What is expected: In the copy you make of the entries, no picture should appear, and every word must match.

- - -

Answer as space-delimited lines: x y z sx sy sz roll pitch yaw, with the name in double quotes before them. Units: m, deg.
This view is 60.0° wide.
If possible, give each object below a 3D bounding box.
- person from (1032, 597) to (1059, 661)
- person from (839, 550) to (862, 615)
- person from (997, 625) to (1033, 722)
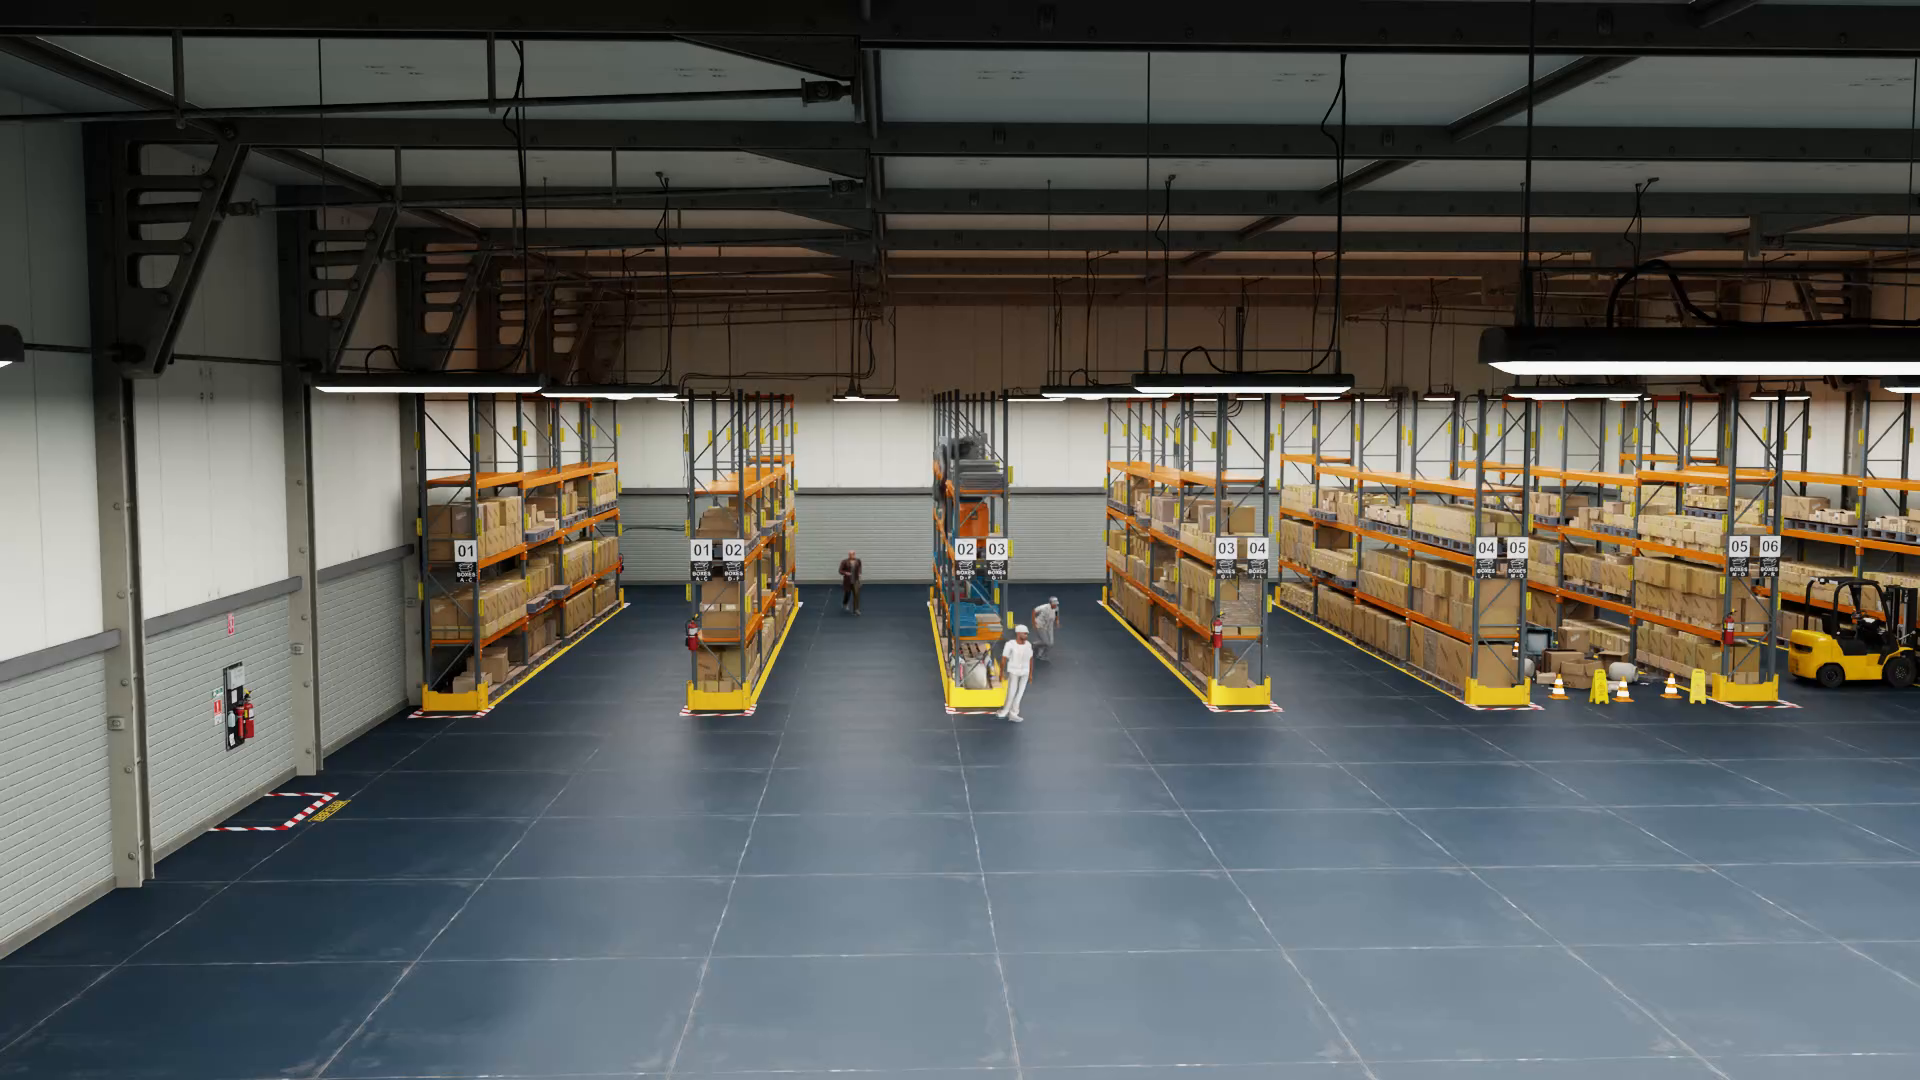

- - -

Written solution:
Answer as space-delimited lines: x y z sx sy sz roll pitch yaw, with the name in double quotes before them. Units: m, deg.
This view is 60.0° wide.
If possible, give each object below a 3D bounding box.
- person from (1032, 597) to (1059, 661)
- person from (839, 550) to (862, 615)
- person from (997, 625) to (1033, 722)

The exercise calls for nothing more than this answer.